Tras Ávila y Soria, Guarda (1056) en la tercera ciudad más elevada de la cuenca del Duero. La urbe se desparrama hacia el norte por lo que además suele ser fría, aunque no es esta la impresión que nos hemos llevado en esta excursión acompañados de un agradable veranillo de San Miguel.
Guarda esta construida con granito gris y enlucida de blanco. En los días de sol, deslumbra desde muy lejos sobre el monte Guarda, monte que rodean precisamente tres de sus ríos Mondego, Noéme y Diz.
Los Ríos de Guarda
Por la altura a la que se encuentra la ciudad no puede disfrutar de ríos caudalosos. Son solamente pequeños arroyos que acaban de nacer y a duras penas soportan las presiones a las que se ven sometidos por una ciudad.
Cerca encontramos el Mondego, río íntegramente ubicado en territorio portugués, la roza por el Oeste y después torna directamente hacia el océano.
Por el Este es el río Noéme (o Noemi), este nace en la Estrella a espaldas ya de las cuencas del Tajo y Mondego, dirigiéndose hacia el Coa. Y por el Norte tenemos al río Diz que fluye hacia el Este atravesando la ciudad y al pie del monte Guarda se reúne con el Noéme formando un precioso valle por el que discurre la línea del ferrocarril hacia Vilar Formoso.
Tenemos más ríos: El Massueime, nace precisamente en las cercanías de la estación de Guarda dirigiéndose hacia el Coa, casi en el Duero. Y hacia el sur, ya en la cuenca del Tajo, El río Zêzere segundo río en longitud íntegramente portugués, tras el Mondego.
Sin duda un auténtico remolino de ríos el que se forma alrededor de la ciudad junto a la Sierra de la Estrella
Tras pasear entre acogedoras callejas de su casco antiguo y visitar sus monumentos representativos nos dejamos caer, cuesta abajo hasta llegar a la ribera del arroyo Diz.
El Parque del Río Diz
Como tantos pequeños arroyos que han sido menospreciados por el crecimiento desordenado de las ciudades el río Diz estuvo corrompido de contaminación y abandonado a su suerte. Hace unos años se le dio una oportunidad para renacer; en beneficio propio y de la ciudad.

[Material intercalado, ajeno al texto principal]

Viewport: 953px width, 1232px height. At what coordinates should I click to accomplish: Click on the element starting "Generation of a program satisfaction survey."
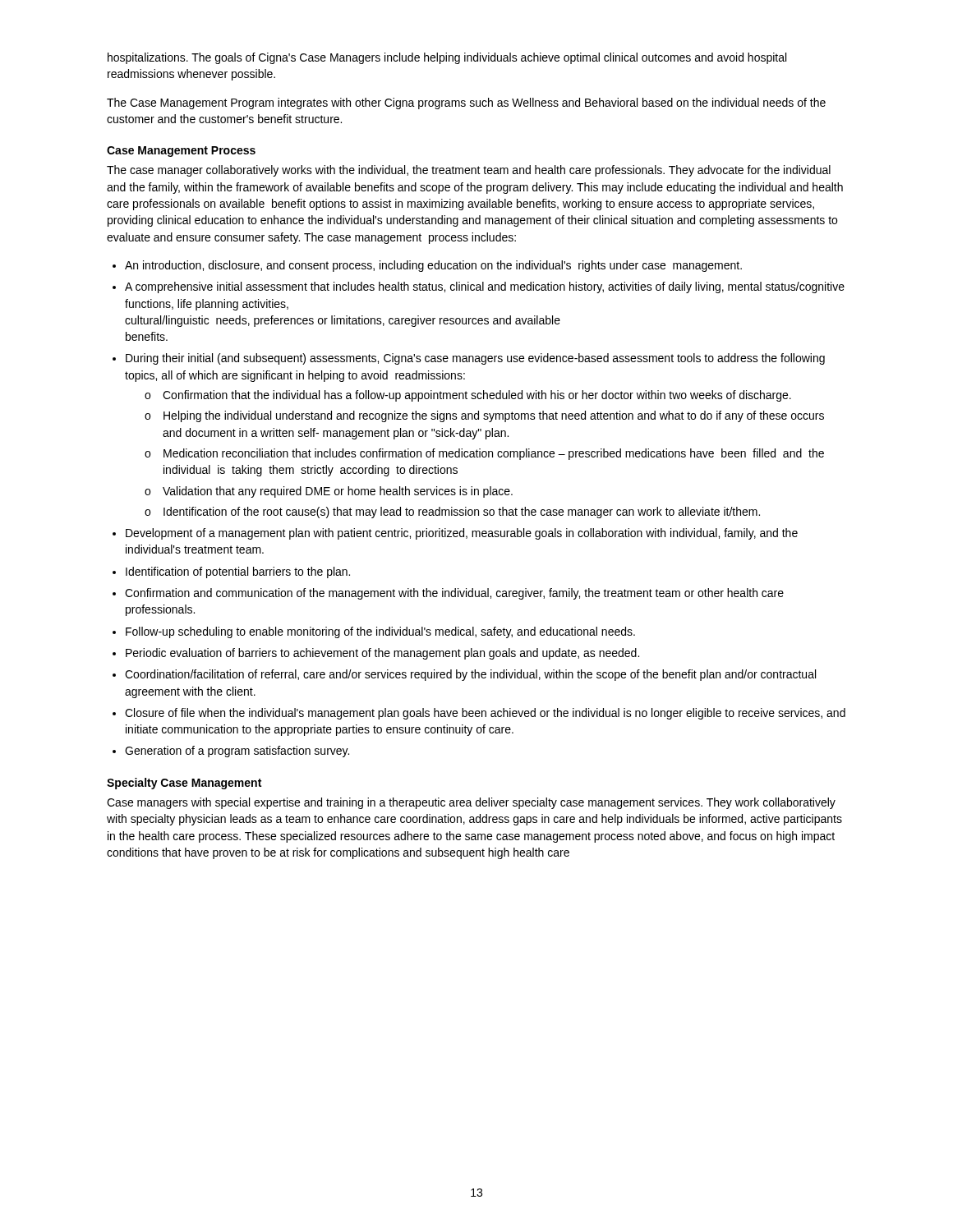pos(238,751)
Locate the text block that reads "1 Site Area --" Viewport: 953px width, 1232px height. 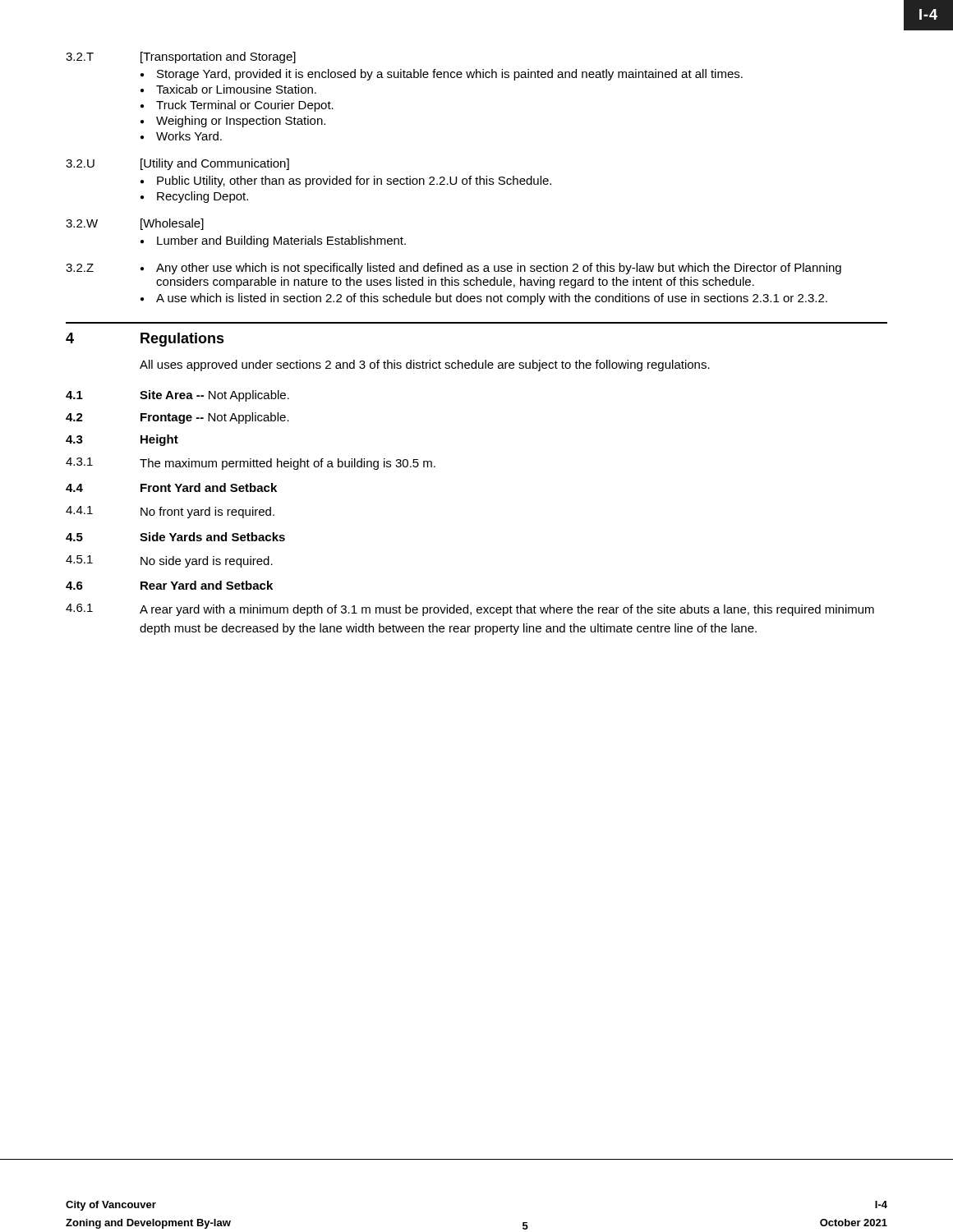pyautogui.click(x=178, y=394)
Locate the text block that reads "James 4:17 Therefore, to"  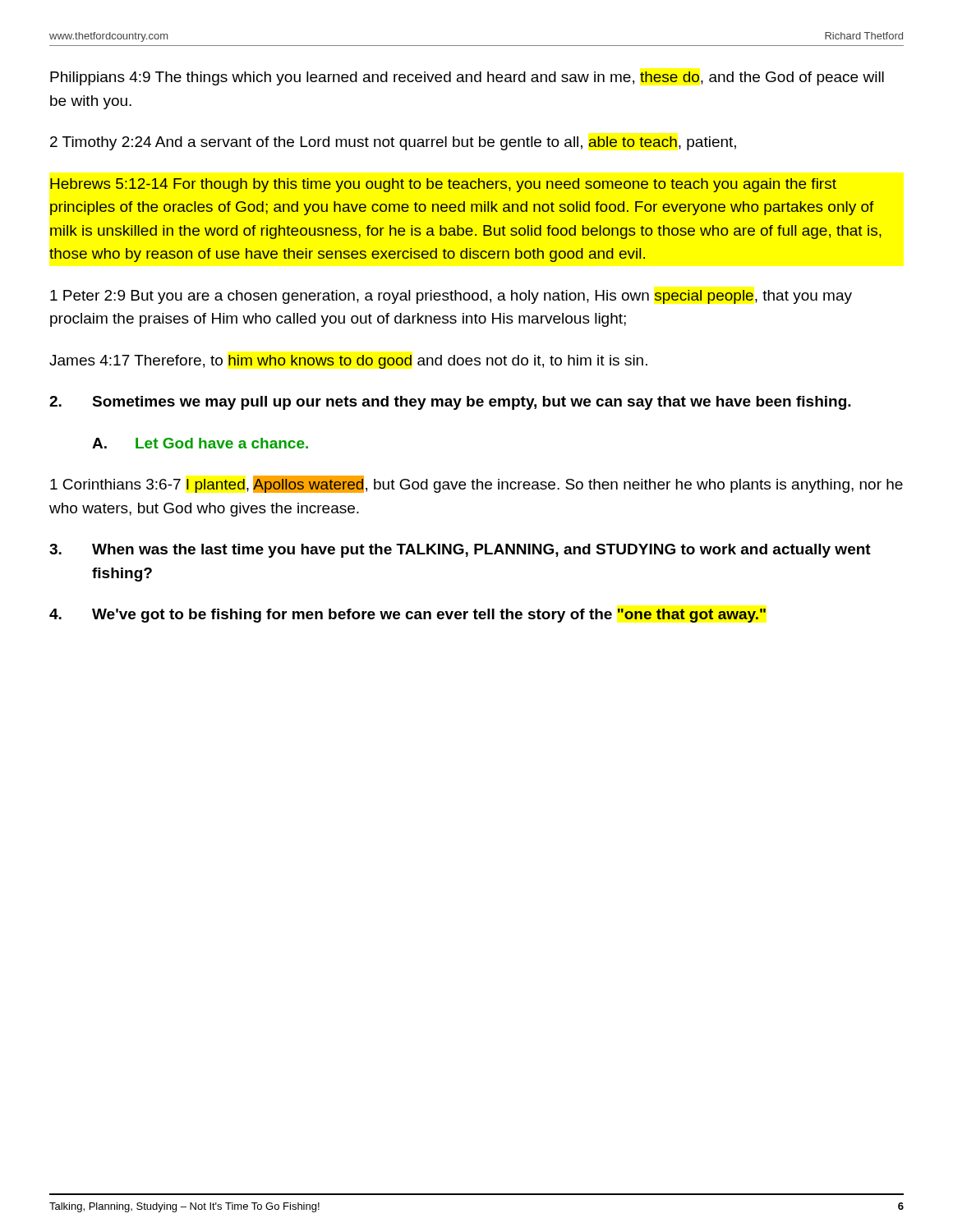(x=349, y=360)

Desde el puente peatonal de la autovía que cruza la ciudad podemos observar la discreta llegada del río que acaba casi de nacer y como, de repente, se transforma en un enorme parque urbano del que apenas se aprecia el final.

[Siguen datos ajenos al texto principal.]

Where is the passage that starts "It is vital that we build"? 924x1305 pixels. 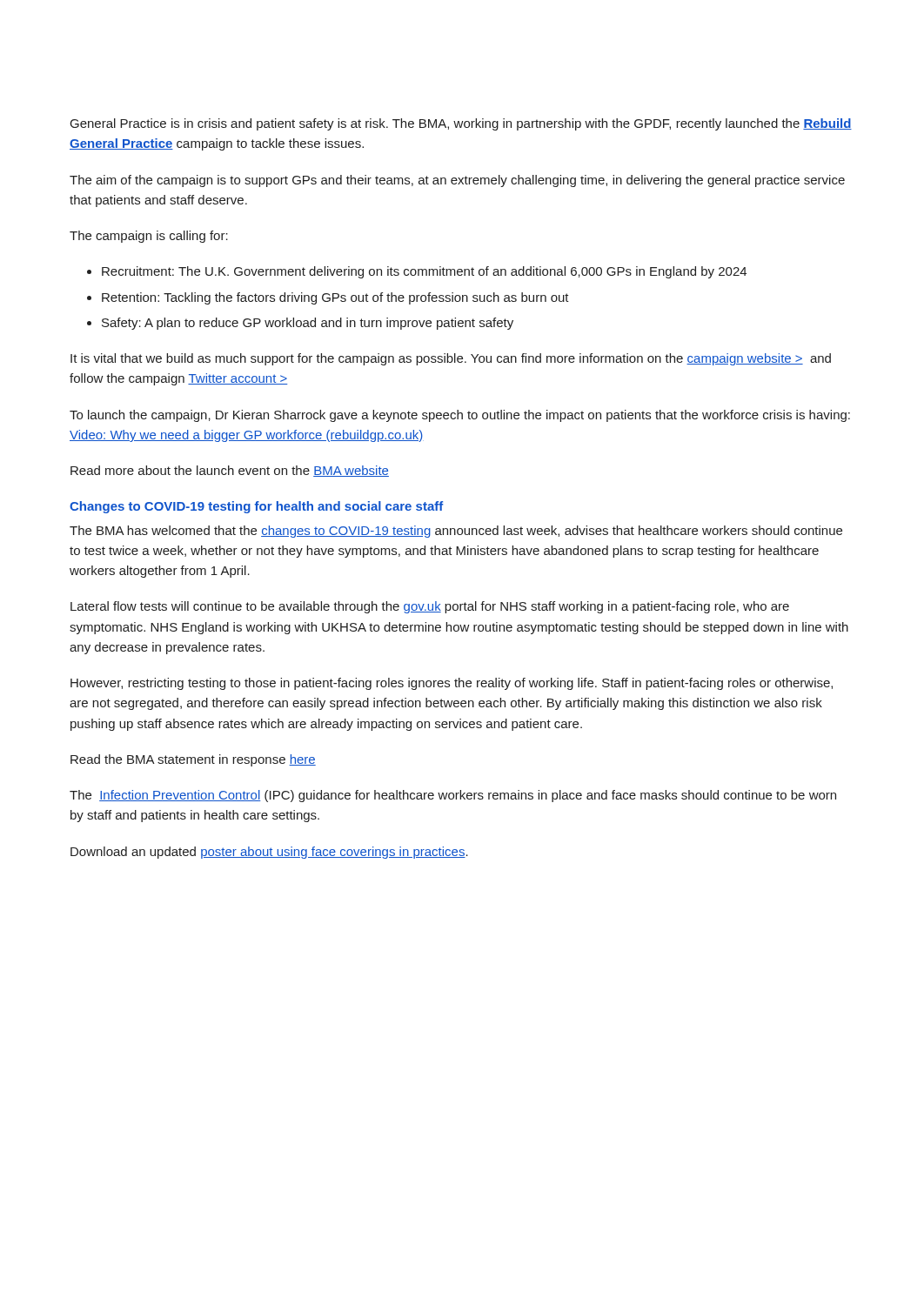pyautogui.click(x=462, y=368)
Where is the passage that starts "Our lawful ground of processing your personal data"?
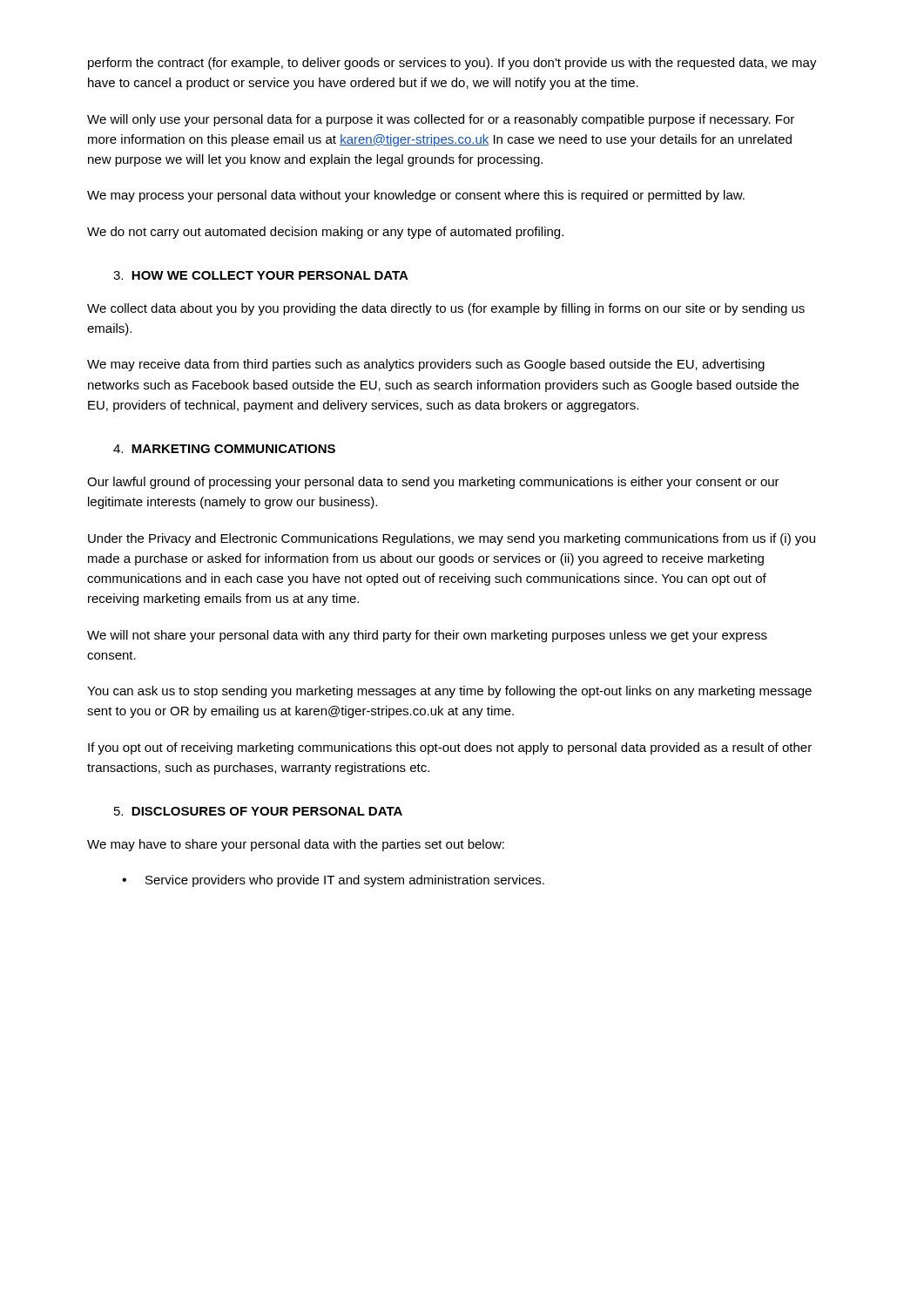Viewport: 924px width, 1307px height. coord(433,492)

Primero encontramos un emocionante parque infantil, ahora cerrado por la pandemia. La diminuta corriente que lleva el arroyo lo cruza entre una bonita ribera de chopos, sauces y fresnos. A los lados diferentes paseos nos ofrecen arte, entretenimiento y sosiego.
Más adelante el pequeño arroyo, con la perseverancia propia de las aguas, llena un precioso estanque que refleja rutilante una estructura que acoge un espacio multifuncional semicubierto. Desde allí llegan el griterío de los jóvenes que echan su partidillo bajo las lonas.
Tras varias praderas y puentecillos el parque se acaba y el arroyo sigue su curso llevando algunas aguas hacia el Noéme con su ribera recuperada y limpia y dejando abiertas la posibilidades de ampliación si la ciudad lo necesitara. Probablemente los ambiciosos proyectos iniciales no se hayan cumplido en su totalidad pero, sin duda, este parque formará ya para siempre una parte importante de la ciudad.
En una cafetería tomamos un helado. Los niños juegan ajenos al drama de la pandemia que aquí, en Portugal, es más llevadero y menos dañino que en España.
¡Cómo valoramos disfrutar de nuestro paseo sin mascarilla!
La tarde se nos echa encima y en Portugal hay que cenar pronto. Con paso cansino, como de caracol, subimos las empinadas calles hasta llegar a la torre de su castillo desde donde podemos disfrutar de las vistas de la sierra de la Estrella y la de Gata hacia el sur en contrapunto con La Marofa y el valle del Duero hundido al norte.
Y, como suele ocurrirnos, por los pelos cenamos algo. Paseamos después entre sus calles vacías de noche iluminadas con faroles rojos. Disfrutando de este mundo de granito tallado y de sus animadas puertas de colores. Junto a la catedral, tenuemente iluminada, saludamos y nos despedimos del rey Sancho I en su pedestal.